Il peso

da DILI, TIMOR EST Come faccio sempre al mio arrivo, ieri sera al tramonto sono uscito di casa e ho fotografato ciò che ho visto. E ho visto la fatica. Qui tutto è estremamente faticoso. Ognuno se ne va, con il suo fardello di fatica reso più pesante dalla povertà. Un ragazzo mi ha portato in motorino a comprare qualcosa da mangiare. Uova, riso, caffè e biscotti: 18$. Poi mi sono fermato in un altro negozio per prendere due bottiglie d’acqua: 50 cent l’una. Qualcuno dall’Italia mi ha chiesto se ho trovato cambiamenti. Sì, i prezzi sono aumentati.
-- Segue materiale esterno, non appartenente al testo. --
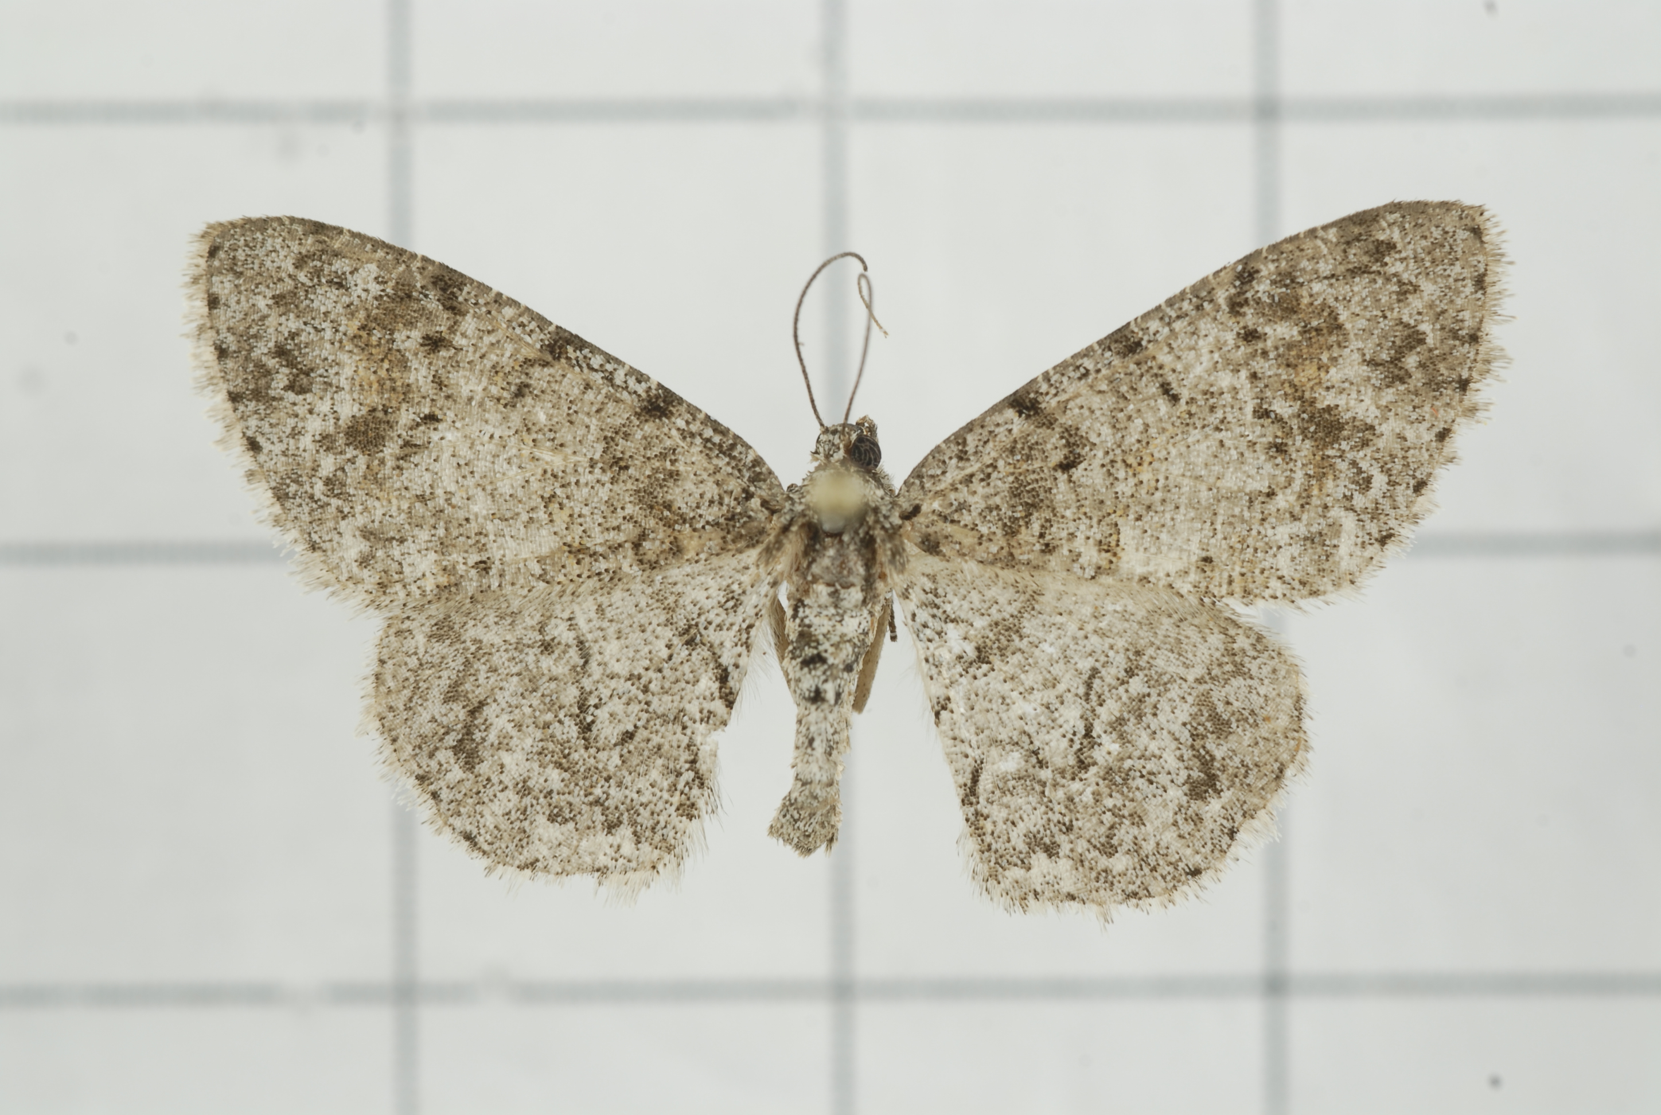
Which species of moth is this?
Aethalura duplicata

Prima potevo dire che la vita costa come da noi. Ora mi pare costi di più, ma spero sia solo la sensazione del primo giorno. Gesù incontrava di continuo gente che aveva problemi e fatiche. Si asteneva da giudizi ma si alzava e sollevava dalla sofferenza. Ognuno fa tanta fatica. Se non siamo in grado di curarlo, cerchiamo almeno di non aumentare il peso della sua giornata.

Mt 9,18-26 Mentre Gesù parlava, giunse uno dei capi, gli si prostrò dinanzi e disse: «Mia figlia è morta proprio ora; ma vieni, imponi la tua mano su di lei ed ella vivrà». Gesù si alzò e lo seguì con i suoi discepoli.
Ed ecco, una donna, che aveva perdite di sangue da dodici anni, gli si avvicinò alle spalle e toccò il lembo del suo mantello. Diceva infatti tra sé: «Se riuscirò anche solo a toccare il suo mantello, sarò salvata». Gesù si voltò, la vide e disse: «Coraggio, figlia, la tua fede ti ha salvata». E da quell’istante la donna fu salvata.
Arrivato poi nella casa del capo e veduti i flautisti e la folla in agitazione, Gesù disse: «Andate via! La fanciulla infatti non è morta, ma dorme». E lo deridevano. Ma dopo che la folla fu cacciata via, egli entrò, le prese la mano e la fanciulla si alzò. E questa notizia si diffuse in tutta quella regione.